As mentioned above, didReceiveSample does not receive MediaSample with the same PTS and DTS consecutively when "MediaSample = one frame".
didReceiveSample may receive MediaSample with the same PTS and DTS consecutively when "MediaSample = multiple frame".
Comment 9 Jean-Yves Avenard [:jya] 2021-06-15 03:52:48 PDT
(In reply to Toshio Ogasawara from comment #8)
> If you create a MediaSample with one frame of video, such as a GTK port, you
> will not encounter this issue.
> I created a mediasample from multiple frames of video on my own port I
> developed.

A MediaSample can only contain frames that have their pts only ever monotonically increasing.

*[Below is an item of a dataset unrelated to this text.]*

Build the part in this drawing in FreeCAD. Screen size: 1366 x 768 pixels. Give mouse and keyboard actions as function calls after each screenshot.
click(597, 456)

MediaSample was only ever designed to contained multiple *audio* frames ; not video.
Comment 10 Jean-Yves Avenard [:jya] 2021-06-15 04:01:33 PDT
Comment on attachment 430239 [details]
patch

View in context: https://bugs.webkit.org/attachment.cgi?id=430239&action=review

> Source/WebCore/platform/graphics/SourceBufferPrivate.cpp:1165
> +        if (trackBuffer.lastDecodeTimestamp.isValid() && decodeTimestamp == trackBuffer.lastDecodeTimestamp) {

This code is fundamentally incorrect. A dts value is meaningless, its only purpose is to determine in which order the frames should be decoded.
It should never be used to determine which frame should be removed or where it should be inserted. 
There's no guarantee that a stream will use the same timeframe from one sample to another. The only thing that matters is that they are monotonically increasing.

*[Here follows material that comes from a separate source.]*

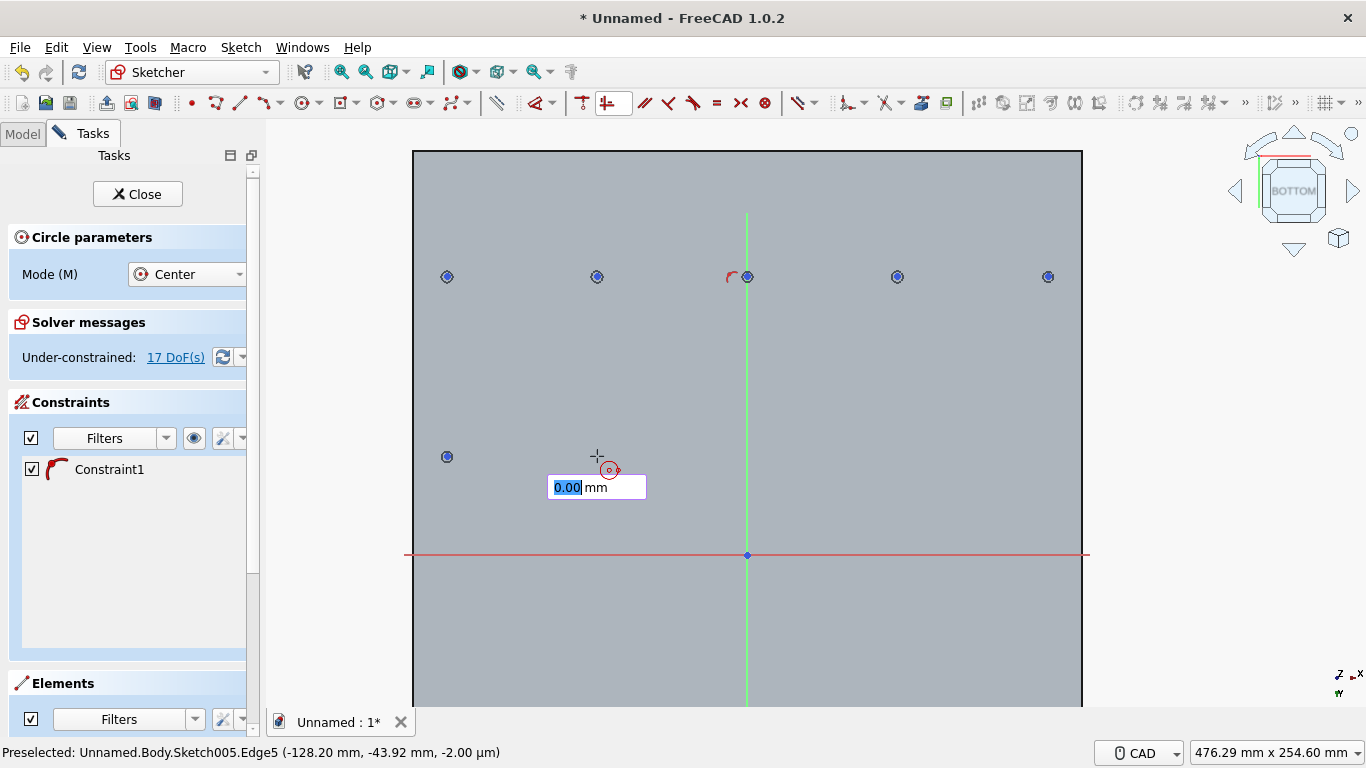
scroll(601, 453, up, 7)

Only the presentation timestamp is relevant and should be used to determine what should be removed and where.

When a PTS sample is to be removed, the entire GOP (group of picture) should be removed from that sample forward.
E.g you remove all samples from that sample, until the next keyframe is found.

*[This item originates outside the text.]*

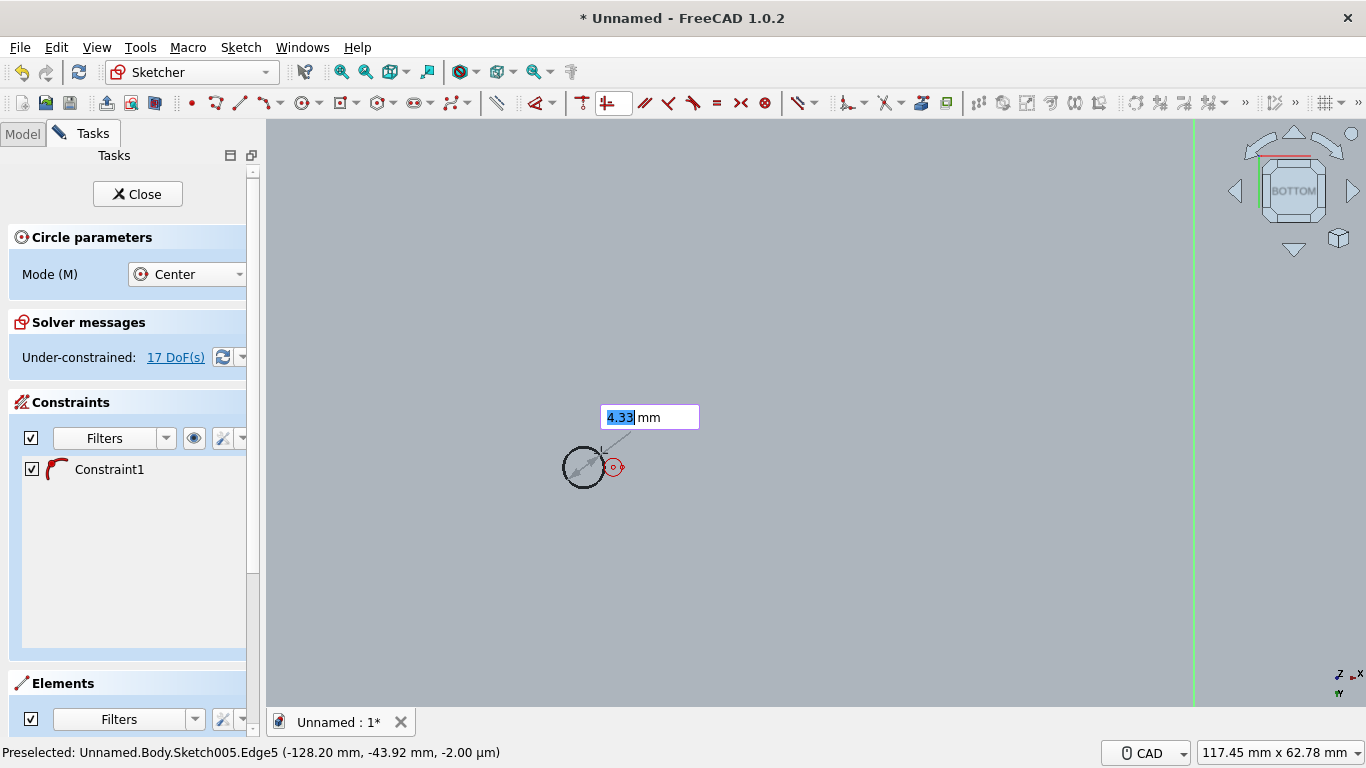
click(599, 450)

The concept is touched on in MSE's Coded Frame Removal algorithm
https://w3c.github.io/media-source/#dfn-coded-frame-removal
Comment 11 Toshio Ogasawara 2021-06-15 23:55:37 PDT
(In reply to Jean-Yves Avenard [:jya] from comment #9)
> (In reply to Toshio Ogasawara from comment #8)
> > If you create a MediaSample with one frame of video, such as a GTK port, you
> > will not encounter this issue.
> > I created a mediasample from multiple frames of video on my own port I
> > developed.
> 
> A MediaSample can only contain frames that have their pts only ever
> monotonically increasing.
> 
> MediaSample was only ever designed to contained multiple *audio* frames ;
> not video.

Thank you for explaining the specifications of MediaSample.
We made a mistake in the design for MediaSample.
So this ticket is closed as INVALID.